Please replace everything between triple quotes to create
your custom estimator.
"""
import json
import numpy as np

import torch

from sapsan.core.models import EstimatorConfig
from sapsan.lib.estimator.torch_backend import TorchBackend
from sapsan.lib.data import get_loader_shape

class {name_upper}Model(torch.nn.Module):
    # input channels, output channels can be the input to define the layers
    def __init__(self):
        super({name_upper}Model, self).__init__()

        # define your layers
        """
        self.layer_1 = torch.nn.Linear(4, 8)
        self.layer_2 = torch.nn.Linear(8, 16)
        """

    def forward(self, x): 

        # set the layer order here

        """
        l1 = self.layer_1(x)
        output = self.layer_2(l1)
        """

        return output


class {name_upper}Config(EstimatorConfig):

    # set defaults to your liking, add more parameters
    def __init__(self,
                 n_epochs: int = 1,
                 batch_dim: int = 64,
                 patience: int = 10,
                 min_delta: float = 1e-5, 
                 logdir: str = "./logs/",
                 lr: float = 1e-3,
                 min_lr = None,                 
                 *args, **kwargs):
        self.n_epochs = n_epochs
        self.batch_dim = batch_dim
        self.logdir = logdir
        self.patience = patience
        self.min_delta = min_delta
        self.lr = lr
        if min_lr==None: self.min_lr = lr*1e-2
        else: self.min_lr = min_lr
        self.kwargs = kwargs

        #everything in self.parameters will get recorded by MLflow
        #by default, all 'self' variables will get recorded
        self.parameters = {{f'model - {{k}}': v for k, v in self.__dict__.items() if k != 'kwargs'}}
        if bool(self.kwargs): self.parameters.update({{f'model - {{k}}': v for k, v in self.kwargs.items()}})

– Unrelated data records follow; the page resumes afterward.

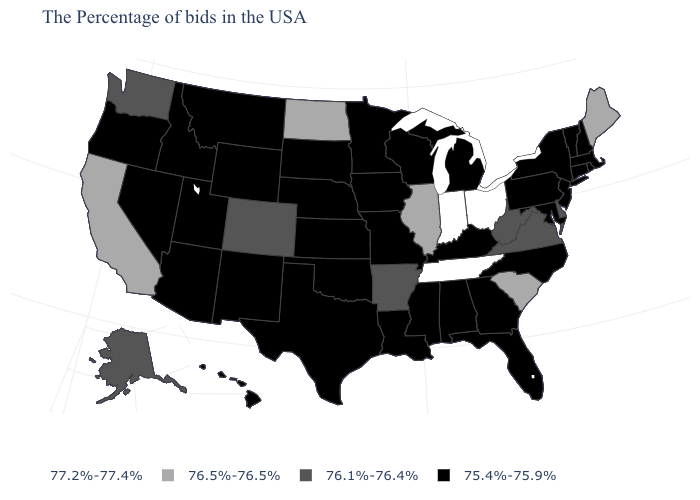What is the value of Washington?
Give a very brief answer. 76.1%-76.4%. How many symbols are there in the legend?
Concise answer only. 4. Name the states that have a value in the range 75.4%-75.9%?
Quick response, please. Massachusetts, Rhode Island, New Hampshire, Vermont, Connecticut, New York, New Jersey, Maryland, Pennsylvania, North Carolina, Florida, Georgia, Michigan, Kentucky, Alabama, Wisconsin, Mississippi, Louisiana, Missouri, Minnesota, Iowa, Kansas, Nebraska, Oklahoma, Texas, South Dakota, Wyoming, New Mexico, Utah, Montana, Arizona, Idaho, Nevada, Oregon, Hawaii. What is the value of Hawaii?
Write a very short answer. 75.4%-75.9%. Is the legend a continuous bar?
Write a very short answer. No. How many symbols are there in the legend?
Answer briefly. 4. Name the states that have a value in the range 76.1%-76.4%?
Give a very brief answer. Delaware, Virginia, West Virginia, Arkansas, Colorado, Washington, Alaska. Does Wisconsin have the highest value in the MidWest?
Quick response, please. No. Name the states that have a value in the range 76.1%-76.4%?
Write a very short answer. Delaware, Virginia, West Virginia, Arkansas, Colorado, Washington, Alaska. Among the states that border Alabama , does Florida have the lowest value?
Short answer required. Yes. What is the value of Kansas?
Short answer required. 75.4%-75.9%. Does the first symbol in the legend represent the smallest category?
Answer briefly. No. What is the highest value in the USA?
Be succinct. 77.2%-77.4%. Name the states that have a value in the range 77.2%-77.4%?
Give a very brief answer. Ohio, Indiana, Tennessee. Does Maine have the lowest value in the Northeast?
Quick response, please. No. 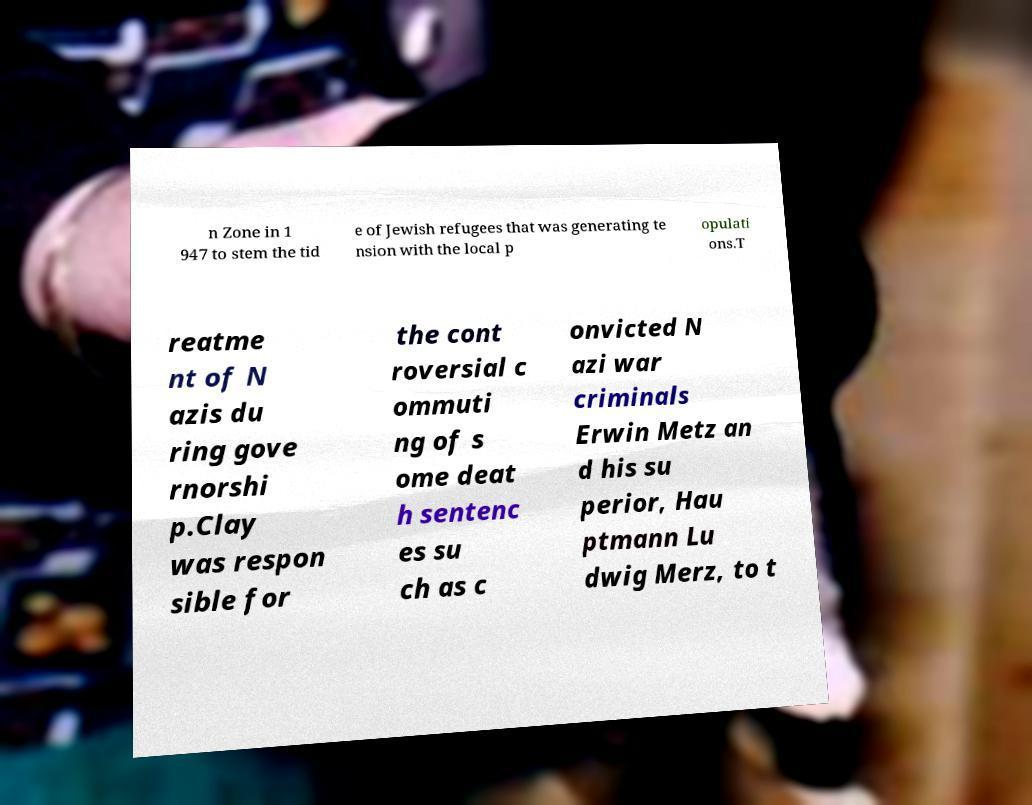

class {name_upper}(TorchBackend):
    # Set your optimizer, loss function, and scheduler here

    def __init__(self, loaders,
                       config = {name_upper}Config(), 
                       model = {name_upper}Model()):
        super().__init__(config, model)
        self.config = config
        self.loaders = loaders

        #uncomment if you need dataloader shapes for model input
        #x_shape, y_shape = get_shape(loaders)

        self.model = {name_upper}Model()
        self.optimizer = """ optimizer """
        self.loss_func = """ loss function """
        self.scheduler = """ scheduler """        

    def train(self):

        trained_model = self.torch_train(self.loaders, self.model, 
                                         self.optimizer, self.loss_func, self.scheduler, 
                                         self.config)

        return trained_model

Editing Catalyst Runner

For majority of applications, you won't need to touch Catalyst Runner settings, which located in torch_backend.py. However, in case you would like to dig further into more unique loss functions, optimizers, data distribution setups, then you can copy the torch_backend.py via --get_torch_backend or shorthand --gtb flag during the creation of the project:

sapsan create --gtb -n {name}
or just copy it to your current directory by:

sapsan gtb

For runner types and extensive options please refer to Catalyst Documentation.

As for runner adjustments to parallele your training, Sapsan's Wiki includes a page on Parallel GPU Training.

Loss

Catalyst includes a more extensive list of losses, i.e. criterions, than the standard PyTorch. Their implementations might require to include some extra Callbacks to be specified in the runner (Criterion Documentation). Please refer to Catalyst examples to create your own loss functions.

Optimizer

Similar deal is with the optimizer. While using standard (i.e. Adam) can be specified within Estimator Template, for a more complex or custom setup you will need to refer to the runner (Optimizer Documentation).